### HOW TO COMPLETE THIS TASK:
In the listing below, find the line with "Offer a very short reply. 0.1." and the line with "Your answer should be compact. No.". Repeat those two lines and all lines between them exactly.

### INPUT:
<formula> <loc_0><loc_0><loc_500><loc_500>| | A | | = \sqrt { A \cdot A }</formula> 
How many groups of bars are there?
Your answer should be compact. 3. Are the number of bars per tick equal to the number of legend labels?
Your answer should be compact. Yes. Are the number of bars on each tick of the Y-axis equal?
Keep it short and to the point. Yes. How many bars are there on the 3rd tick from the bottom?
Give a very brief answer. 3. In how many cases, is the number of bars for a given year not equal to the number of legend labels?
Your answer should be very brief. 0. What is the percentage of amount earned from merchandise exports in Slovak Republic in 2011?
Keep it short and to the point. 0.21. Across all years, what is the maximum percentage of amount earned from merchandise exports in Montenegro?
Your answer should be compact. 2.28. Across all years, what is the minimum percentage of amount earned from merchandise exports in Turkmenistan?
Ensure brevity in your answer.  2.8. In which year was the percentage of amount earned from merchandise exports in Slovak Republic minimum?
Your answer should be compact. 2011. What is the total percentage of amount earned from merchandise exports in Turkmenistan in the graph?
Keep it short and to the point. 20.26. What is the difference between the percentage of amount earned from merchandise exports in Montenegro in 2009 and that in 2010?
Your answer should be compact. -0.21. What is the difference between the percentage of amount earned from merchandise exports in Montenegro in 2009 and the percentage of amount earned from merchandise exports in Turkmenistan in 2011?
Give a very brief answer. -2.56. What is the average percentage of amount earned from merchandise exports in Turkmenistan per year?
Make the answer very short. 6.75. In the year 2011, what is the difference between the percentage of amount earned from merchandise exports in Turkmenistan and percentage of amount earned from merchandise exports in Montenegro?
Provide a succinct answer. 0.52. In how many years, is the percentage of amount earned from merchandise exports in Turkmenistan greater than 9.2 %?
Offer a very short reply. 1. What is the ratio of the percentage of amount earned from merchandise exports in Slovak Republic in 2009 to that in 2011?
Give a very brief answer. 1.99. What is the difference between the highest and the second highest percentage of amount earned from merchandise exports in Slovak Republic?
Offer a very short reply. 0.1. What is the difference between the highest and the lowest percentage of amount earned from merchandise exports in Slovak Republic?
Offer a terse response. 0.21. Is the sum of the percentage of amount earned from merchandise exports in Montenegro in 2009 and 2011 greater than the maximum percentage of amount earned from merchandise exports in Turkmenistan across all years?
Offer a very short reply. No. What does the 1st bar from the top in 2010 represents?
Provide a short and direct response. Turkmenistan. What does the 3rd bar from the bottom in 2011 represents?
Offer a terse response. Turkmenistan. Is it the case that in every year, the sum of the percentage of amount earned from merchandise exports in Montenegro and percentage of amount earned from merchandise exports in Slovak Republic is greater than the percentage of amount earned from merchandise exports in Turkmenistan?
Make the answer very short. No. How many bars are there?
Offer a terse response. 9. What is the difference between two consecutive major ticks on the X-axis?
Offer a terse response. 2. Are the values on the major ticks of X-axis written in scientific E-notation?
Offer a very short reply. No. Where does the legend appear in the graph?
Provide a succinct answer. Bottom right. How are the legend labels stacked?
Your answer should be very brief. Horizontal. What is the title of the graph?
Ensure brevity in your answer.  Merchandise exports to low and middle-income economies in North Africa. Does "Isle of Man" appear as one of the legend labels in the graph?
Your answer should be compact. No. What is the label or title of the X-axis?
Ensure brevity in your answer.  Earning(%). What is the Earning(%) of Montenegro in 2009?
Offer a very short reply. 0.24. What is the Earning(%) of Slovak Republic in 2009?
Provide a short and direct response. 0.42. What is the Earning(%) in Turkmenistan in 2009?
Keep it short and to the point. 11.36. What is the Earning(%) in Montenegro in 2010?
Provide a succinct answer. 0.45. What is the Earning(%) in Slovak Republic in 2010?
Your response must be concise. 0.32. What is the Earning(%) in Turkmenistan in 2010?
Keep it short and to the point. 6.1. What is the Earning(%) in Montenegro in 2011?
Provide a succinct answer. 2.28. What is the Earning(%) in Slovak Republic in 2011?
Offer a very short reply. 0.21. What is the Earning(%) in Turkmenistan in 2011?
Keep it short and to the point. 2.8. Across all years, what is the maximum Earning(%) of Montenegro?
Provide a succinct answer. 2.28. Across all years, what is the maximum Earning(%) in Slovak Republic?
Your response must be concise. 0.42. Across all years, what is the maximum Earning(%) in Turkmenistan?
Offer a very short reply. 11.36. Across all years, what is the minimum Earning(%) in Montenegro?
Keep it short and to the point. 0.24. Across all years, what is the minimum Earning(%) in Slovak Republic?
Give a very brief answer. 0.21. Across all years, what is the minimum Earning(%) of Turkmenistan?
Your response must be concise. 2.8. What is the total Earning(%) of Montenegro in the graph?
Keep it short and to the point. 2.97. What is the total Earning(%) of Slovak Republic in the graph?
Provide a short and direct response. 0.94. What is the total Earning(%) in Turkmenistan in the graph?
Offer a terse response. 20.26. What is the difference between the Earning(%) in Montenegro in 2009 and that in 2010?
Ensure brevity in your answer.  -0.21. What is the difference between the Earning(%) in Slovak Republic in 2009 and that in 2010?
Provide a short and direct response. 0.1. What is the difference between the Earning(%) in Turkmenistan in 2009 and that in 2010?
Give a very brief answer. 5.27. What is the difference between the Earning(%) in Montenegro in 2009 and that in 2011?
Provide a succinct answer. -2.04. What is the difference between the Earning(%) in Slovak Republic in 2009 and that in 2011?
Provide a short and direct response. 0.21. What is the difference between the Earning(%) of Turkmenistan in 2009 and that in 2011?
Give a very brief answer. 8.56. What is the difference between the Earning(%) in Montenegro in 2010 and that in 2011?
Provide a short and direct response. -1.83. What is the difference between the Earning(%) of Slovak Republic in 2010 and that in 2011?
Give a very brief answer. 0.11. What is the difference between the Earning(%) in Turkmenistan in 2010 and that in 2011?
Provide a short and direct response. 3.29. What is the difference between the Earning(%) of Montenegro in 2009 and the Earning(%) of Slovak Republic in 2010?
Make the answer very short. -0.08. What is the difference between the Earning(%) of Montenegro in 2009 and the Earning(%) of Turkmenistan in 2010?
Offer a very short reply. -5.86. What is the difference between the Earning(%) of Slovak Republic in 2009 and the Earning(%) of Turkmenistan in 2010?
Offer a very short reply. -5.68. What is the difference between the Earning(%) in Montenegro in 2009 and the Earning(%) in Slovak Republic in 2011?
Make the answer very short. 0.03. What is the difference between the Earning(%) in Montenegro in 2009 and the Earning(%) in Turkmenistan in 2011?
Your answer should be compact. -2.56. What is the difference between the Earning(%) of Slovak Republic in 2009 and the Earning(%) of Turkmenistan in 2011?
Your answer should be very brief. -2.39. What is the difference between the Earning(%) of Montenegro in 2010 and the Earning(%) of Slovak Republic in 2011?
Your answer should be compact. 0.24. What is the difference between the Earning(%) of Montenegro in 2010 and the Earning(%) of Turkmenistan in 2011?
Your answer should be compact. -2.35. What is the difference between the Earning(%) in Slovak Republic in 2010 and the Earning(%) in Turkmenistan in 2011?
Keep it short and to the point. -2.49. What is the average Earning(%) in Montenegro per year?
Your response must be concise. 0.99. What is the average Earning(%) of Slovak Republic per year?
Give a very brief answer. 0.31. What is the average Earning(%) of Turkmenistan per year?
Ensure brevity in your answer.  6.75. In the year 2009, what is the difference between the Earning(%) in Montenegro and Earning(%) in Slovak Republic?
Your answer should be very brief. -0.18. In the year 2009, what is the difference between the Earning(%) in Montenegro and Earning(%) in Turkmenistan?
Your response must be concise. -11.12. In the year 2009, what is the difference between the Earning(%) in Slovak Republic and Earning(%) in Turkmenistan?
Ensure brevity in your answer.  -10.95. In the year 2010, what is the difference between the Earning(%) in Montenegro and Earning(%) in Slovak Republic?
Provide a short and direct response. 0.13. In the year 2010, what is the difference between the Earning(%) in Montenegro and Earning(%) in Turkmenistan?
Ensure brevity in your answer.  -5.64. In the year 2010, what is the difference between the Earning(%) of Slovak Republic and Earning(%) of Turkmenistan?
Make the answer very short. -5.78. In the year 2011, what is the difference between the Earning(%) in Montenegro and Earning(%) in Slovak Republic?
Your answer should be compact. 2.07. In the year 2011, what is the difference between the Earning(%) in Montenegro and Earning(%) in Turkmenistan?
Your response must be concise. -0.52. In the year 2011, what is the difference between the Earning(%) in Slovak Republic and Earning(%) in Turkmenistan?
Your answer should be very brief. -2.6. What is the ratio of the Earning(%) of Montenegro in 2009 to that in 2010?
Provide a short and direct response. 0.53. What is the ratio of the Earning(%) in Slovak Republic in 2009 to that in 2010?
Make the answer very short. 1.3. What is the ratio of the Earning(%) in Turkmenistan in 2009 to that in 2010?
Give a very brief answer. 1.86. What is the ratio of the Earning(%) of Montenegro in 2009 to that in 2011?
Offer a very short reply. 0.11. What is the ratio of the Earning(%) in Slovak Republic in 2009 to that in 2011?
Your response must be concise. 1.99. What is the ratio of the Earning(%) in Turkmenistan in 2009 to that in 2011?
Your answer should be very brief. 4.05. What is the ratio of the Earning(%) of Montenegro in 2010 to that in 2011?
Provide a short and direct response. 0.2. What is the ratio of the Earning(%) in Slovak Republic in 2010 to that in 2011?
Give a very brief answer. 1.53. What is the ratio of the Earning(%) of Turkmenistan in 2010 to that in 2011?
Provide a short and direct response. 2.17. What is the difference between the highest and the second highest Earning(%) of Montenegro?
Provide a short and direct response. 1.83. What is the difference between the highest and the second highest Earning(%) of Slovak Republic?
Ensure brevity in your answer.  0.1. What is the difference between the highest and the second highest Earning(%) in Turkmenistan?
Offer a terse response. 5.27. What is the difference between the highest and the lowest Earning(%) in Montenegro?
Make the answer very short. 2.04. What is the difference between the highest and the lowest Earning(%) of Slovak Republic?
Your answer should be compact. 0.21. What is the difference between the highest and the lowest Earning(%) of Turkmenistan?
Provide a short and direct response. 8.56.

### TASK SOLUTION:
Offer a very short reply. 0.1. What is the difference between the highest and the lowest percentage of amount earned from merchandise exports in Slovak Republic?
Offer a terse response. 0.21. Is the sum of the percentage of amount earned from merchandise exports in Montenegro in 2009 and 2011 greater than the maximum percentage of amount earned from merchandise exports in Turkmenistan across all years?
Offer a very short reply. No. What does the 1st bar from the top in 2010 represents?
Provide a short and direct response. Turkmenistan. What does the 3rd bar from the bottom in 2011 represents?
Offer a terse response. Turkmenistan. Is it the case that in every year, the sum of the percentage of amount earned from merchandise exports in Montenegro and percentage of amount earned from merchandise exports in Slovak Republic is greater than the percentage of amount earned from merchandise exports in Turkmenistan?
Make the answer very short. No. How many bars are there?
Offer a terse response. 9. What is the difference between two consecutive major ticks on the X-axis?
Offer a terse response. 2. Are the values on the major ticks of X-axis written in scientific E-notation?
Offer a very short reply. No. Where does the legend appear in the graph?
Provide a succinct answer. Bottom right. How are the legend labels stacked?
Your answer should be very brief. Horizontal. What is the title of the graph?
Ensure brevity in your answer.  Merchandise exports to low and middle-income economies in North Africa. Does "Isle of Man" appear as one of the legend labels in the graph?
Your answer should be compact. No. What is the label or title of the X-axis?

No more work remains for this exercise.